In the late 1970s, first attempts were made to plasmapheresis for the treatment of severe fat metabolism disorders.

In the early 1980s, Postiglione and Stoffel were the first to specifically eliminate antibodies LDL (= low-density lipoprotein), thereby significantly reducing the unwanted and unspecific loss of different plasma proteins.

The result, then referred to as “LDL apheresis”, was slowly introduced into the therapy of patients with homozygous and severe progressional forms of heterozygous familial hypercholesterolaemia and was introduced in Austria by Derfler and Sinzinger in 1990 using various systems.

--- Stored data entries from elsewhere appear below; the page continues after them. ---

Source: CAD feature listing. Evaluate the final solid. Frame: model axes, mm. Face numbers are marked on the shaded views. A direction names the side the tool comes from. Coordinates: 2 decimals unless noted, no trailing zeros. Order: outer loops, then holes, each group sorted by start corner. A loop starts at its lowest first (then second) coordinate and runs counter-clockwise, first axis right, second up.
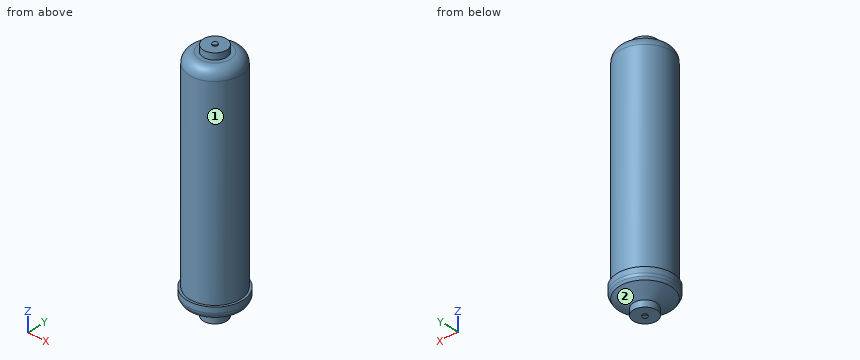
```python
from build123d import *

# Parameters (mm, degrees)
FILLET1_R = 12.7
FILLET2_R = 6.35


with BuildPart() as part:
    # Sketch1 → Revolve1 (revolve)
    with BuildSketch(Plane(origin=(0, 0, 0), x_dir=(0, 0, -1), z_dir=(1, 0, 0))):
        Polygon((0, 0), (0, 3.175), (-1.27, 3.175), (-1.27, 14.732), (-9.398, 14.732), (-20.32, 32.555084127), (-24.892, 35.306), (-33.7566, 35.306), (-33.7566, 32.512), (-299.4152, 32.512), (-299.4152, 14.732), (-307.594, 14.732), (-307.594, 3.175), (-308.864, 3.175), (-308.864, 0), align=None)
    revolve(axis=Axis((0, 0, 0), (0, 0, 1)))

    # Fillet1
    fillet1_edges = [part.edges().sort_by_distance(p)[0] for p in [
        (0, -32.512, 299.4152),
    ]]
    fillet(fillet1_edges, radius=FILLET1_R)

    # Fillet2
    fillet2_edges = [part.edges().sort_by_distance(p)[0] for p in [
        (0, -35.306, 24.892),
    ]]
    fillet(fillet2_edges, radius=FILLET2_R)


solid = part.part
```
Q1. Set-up query: the marked faces 1 and 2. Return all of +Z, -Z, +X, -X, +Y, -Y with unobstructed straight access to the full face (end or side cutting, diameter ignored); none if empty.
Solutions:
face 1: +Z
face 2: -Z
Q2. Material intervals for line 1 along Z through (x, y) = (-8, 11); line 2 along X through (y, z) = (-1.5, 177); line 3 along Y through (x, z) = (-28.5, 111), sorted ascending.
Solutions:
line 1: z = 1.27 to 307.59
line 2: x = -32.48 to 32.48
line 3: y = -15.65 to 15.65
Q3. Pin query (flat end, axial travel): P1, Ø6, axis at x = -24.5, z = 121, coming from the +Y side; P2, Ø1, axis at y = -25.5, z = 102, coming from the +X side; P3, Ø3, axis at x = 16, z = 47.5, coming from the +Y side. Return the tip coordinate at first contact, or that it passes through.
Solutions:
P1: stops at y = 24.39
P2: stops at x = 20.79
P3: stops at y = 29.1
Q4. Section query A-A on z = 68.5. Output: boundary loops of the cut face in (x, y), plus the area to 3 significant figures.
Solutions:
outline: circle Ø65.02 at (0, 0)
area: 3,320 mm2

As early as 1995, the indications for the first time were recorded in the Austrian cholesterol consensus (ACC). In the meantime, different systems are available whose clinical efficacy is comparable. If previously only those patients were treated who were not able to achieve a sufficient reduction in cholesterol despite maximum drug intervention, new additional indicative areas – such as the incompatibility of all available lipid councils or an extremely elevated lipoprotein (a) (Lp (a )), which is considered as an independent risk factor of atherogenesis (= the development of atherosclerosis), with proven clinical-manifest atherosclerosis.

In the meantime, most of the lipid metabolite patients who previously needed Lp-apheresis are successfully treated with the new group of PCSK9 inhibitors. Only with extremely elevated Lp (a) are PCSK9 inhibitors not sufficiently effective, so that an Lp-apheresis is still necessary.

The clinical results are impressive. In addition to the fact that patients show a clear improvement in clinical symptoms after a few therapies, measurable results, such as an improvement in endothelial function or myocardial perfusion, can also be demonstrated at this time. A significant reduction in vascular events is documented for both patients with predominantly elevated LDL cholesterol as well as those with high Lp (a), where the event rate could be reduced from 1.06 per patient per year to 0.14 per patient per year.

Due to the fact that not only LDL, but all atherogenic lipoproteins, including VLDL (= very low-density lipoprotein) and Lp (a) (= lipoprotein a) are removed, therapy is now called “lipoprotein apheresis”. Under a strict indication, as defined in the 1st Austrian Apheresis Consensus, lipoproteinapheresis is a new, highly effective therapy option for extreme cases.